Additionally, it is essential to investigate the differences between pediatric and adult populations to better understand the reliability of ASSR in each group. Children possess distinct physiological characteristics and developmental profiles, which may influence the reliability of ASSR measurements. One aspect to consider is the variance in baseline EEG levels between children and adults. Children’s baseline EEG levels may differ from those of adults. These variations could potentially impact the reliability of ASSR measurements, particularly when using the fast repetition rate ASSR implemented in the Eclipse system. Therefore, it is imperative to conduct future research specifically aimed at comparing the test–retest reliability of ASSR between pediatric and adult populations. By examining age-related differences, researchers can determine the influence of age-related factors on the reliability of ASSR measurements. Moreover, the adaptive properties of the auditory system may differ between children and adults, especially in response to the fast repetition rate utilized in the Eclipse system. Children’s auditory systems exhibit ongoing maturation and plasticity, which could affect their response to auditory stimuli and, subsequently, the reliability of ASSR measurements. Therefore, a focused investigation comparing the test–retest reliability of ASSR between pediatric and adult populations is warranted. This research would provide valuable insights into any age-related differences and enable a more accurate evaluation of the reliability of ASSR in each group.

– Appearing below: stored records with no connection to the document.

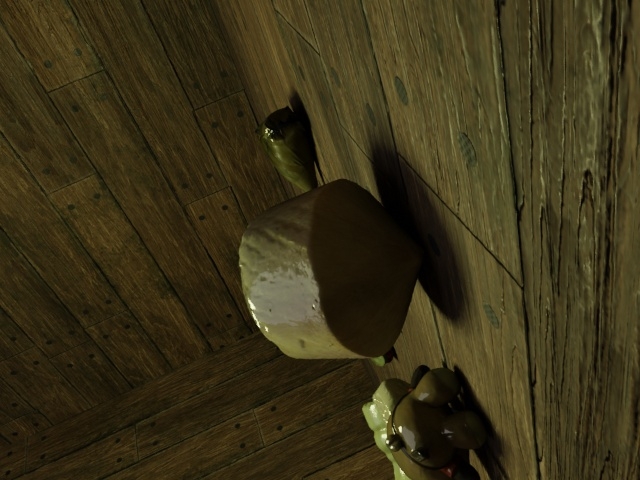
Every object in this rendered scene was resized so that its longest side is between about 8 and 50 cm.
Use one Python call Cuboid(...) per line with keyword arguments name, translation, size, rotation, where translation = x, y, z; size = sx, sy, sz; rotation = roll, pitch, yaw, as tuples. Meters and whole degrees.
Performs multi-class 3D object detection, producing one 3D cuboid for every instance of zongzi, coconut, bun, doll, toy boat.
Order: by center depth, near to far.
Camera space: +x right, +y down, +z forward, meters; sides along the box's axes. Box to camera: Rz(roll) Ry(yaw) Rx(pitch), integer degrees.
Cuboid(name="coconut", translation=(0.030, 0.048, 1.002), size=(0.329, 0.328, 0.329), rotation=(156, 90, -86))
Cuboid(name="doll", translation=(0.212, 0.381, 1.166), size=(0.235, 0.174, 0.330), rotation=(56, 170, 30))
Cuboid(name="bun", translation=(0.235, 0.464, 1.588), size=(0.231, 0.133, 0.231), rotation=(156, 90, -84))
Cuboid(name="zongzi", translation=(-0.057, -0.216, 1.630), size=(0.289, 0.123, 0.260), rotation=(57, 175, -11))
Cuboid(name="toy boat", translation=(0.189, 0.337, 1.884), size=(0.089, 0.071, 0.185), rotation=(10, 139, 31))

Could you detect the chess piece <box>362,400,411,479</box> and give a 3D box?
Cuboid(name="chess piece", translation=(0.280, 0.681, 1.815), size=(0.234, 0.234, 0.442), rotation=(80, 170, -73))
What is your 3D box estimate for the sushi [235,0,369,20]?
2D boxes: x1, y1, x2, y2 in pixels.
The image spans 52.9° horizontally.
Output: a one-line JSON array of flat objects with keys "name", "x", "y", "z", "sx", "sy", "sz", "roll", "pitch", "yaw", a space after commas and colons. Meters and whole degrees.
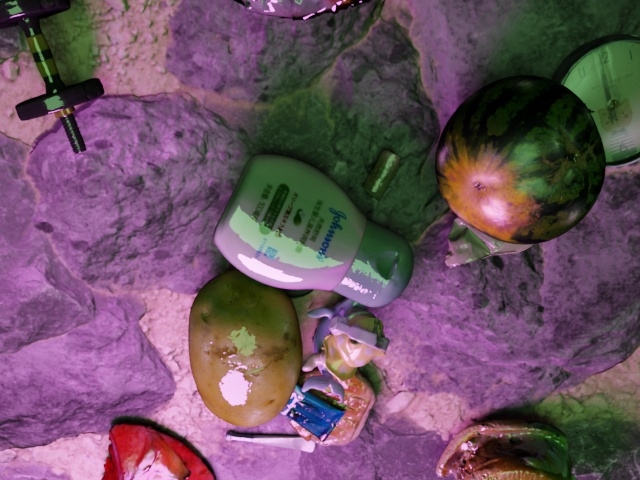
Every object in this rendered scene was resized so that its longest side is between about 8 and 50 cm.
[{"name": "sushi", "x": 0.005, "y": -0.483, "z": 0.904, "sx": 0.329, "sy": 0.285, "sz": 0.328, "roll": -20, "pitch": 105, "yaw": 30}]

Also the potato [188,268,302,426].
[{"name": "potato", "x": -0.140, "y": 0.202, "z": 1.188, "sx": 0.216, "sy": 0.216, "sz": 0.304, "roll": 7, "pitch": 108, "yaw": -2}]

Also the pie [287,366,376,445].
[{"name": "pie", "x": 0.017, "y": 0.336, "z": 1.321, "sx": 0.195, "sy": 0.046, "sz": 0.195, "roll": 0, "pitch": 111, "yaw": -1}]

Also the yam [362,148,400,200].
[{"name": "yam", "x": 0.110, "y": -0.117, "z": 1.150, "sx": 0.043, "sy": 0.043, "sz": 0.094, "roll": 27, "pitch": 107, "yaw": -10}]

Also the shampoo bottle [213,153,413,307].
[{"name": "shampoo bottle", "x": 0.000, "y": 0.000, "z": 1.128, "sx": 0.349, "sy": 0.151, "sz": 0.222, "roll": 26, "pitch": 77, "yaw": -10}]

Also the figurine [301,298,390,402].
[{"name": "figurine", "x": 0.044, "y": 0.197, "z": 1.200, "sx": 0.128, "sy": 0.184, "sz": 0.208, "roll": 22, "pitch": 83, "yaw": -29}]

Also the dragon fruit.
[{"name": "dragon fruit", "x": -0.349, "y": 0.561, "z": 1.386, "sx": 0.282, "sy": 0.100, "sz": 0.343, "roll": 9, "pitch": 112, "yaw": -8}]

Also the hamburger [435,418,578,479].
[{"name": "hamburger", "x": 0.390, "y": 0.461, "z": 1.299, "sx": 0.288, "sy": 0.167, "sz": 0.192, "roll": 13, "pitch": 111, "yaw": -4}]

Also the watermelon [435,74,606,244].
[{"name": "watermelon", "x": 0.317, "y": -0.125, "z": 1.033, "sx": 0.269, "sy": 0.269, "sz": 0.269, "roll": 0, "pitch": 111, "yaw": 0}]

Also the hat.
[{"name": "hat", "x": 0.305, "y": -0.012, "z": 1.146, "sx": 0.166, "sy": 0.122, "sz": 0.081, "roll": -7, "pitch": 121, "yaw": 26}]

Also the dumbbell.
[{"name": "dumbbell", "x": -0.446, "y": -0.296, "z": 1.031, "sx": 0.143, "sy": 0.143, "sz": 0.325, "roll": -14, "pitch": 110, "yaw": 6}]

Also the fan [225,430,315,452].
[{"name": "fan", "x": -0.106, "y": 0.425, "z": 1.371, "sx": 0.193, "sy": 0.016, "sz": 0.038, "roll": 7, "pitch": 108, "yaw": -3}]

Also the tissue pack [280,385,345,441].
[{"name": "tissue pack", "x": -0.028, "y": 0.344, "z": 1.288, "sx": 0.138, "sy": 0.028, "sz": 0.085, "roll": 32, "pitch": 109, "yaw": -12}]

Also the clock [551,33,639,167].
[{"name": "clock", "x": 0.503, "y": -0.234, "z": 1.100, "sx": 0.226, "sy": 0.049, "sz": 0.226, "roll": 0, "pitch": 112, "yaw": 0}]

Significant variations can be observed in the outcomes obtained from different commercially available ASSR acquisition systems, as pointed out by Hatzopoulos et al. [34
]. Consequently, it is crucial to conduct a comparative analysis between the results obtained from the next-generation ASSR implemented in Eclipse and the older-generation ASSR systems, as well as other commercially available systems. Another limitation of the study is the lack of availability of amplitude and phase coherence information for ASSR measurements in the Eclipse clinical system. This limitation prevented direct comparisons between the amplitudes and phase coherence information of the older and newer generation ASSR systems. To address this limitation, an intriguing avenue for future investigation would involve comparing the amplitudes of ASSR using the older-generation amplitude or mixed modulated stimuli with the chirp family stimuli of the next-generation ASSR across various intensity levels. Such research would provide valuable insights into the specific factors contributing to the improved thresholds and test–retest reliability observed with the next-generation ASSR.
In summary, future studies should aim to overcome the limitations of the current research by including larger and more diverse participant samples, exploring pediatric-adult differences, and conducting comparative investigations on the amplitude of ASSR using different stimuli. By addressing these areas, researchers can further enhance our understanding of the reliability and potential applications of the next-generation ASSR system.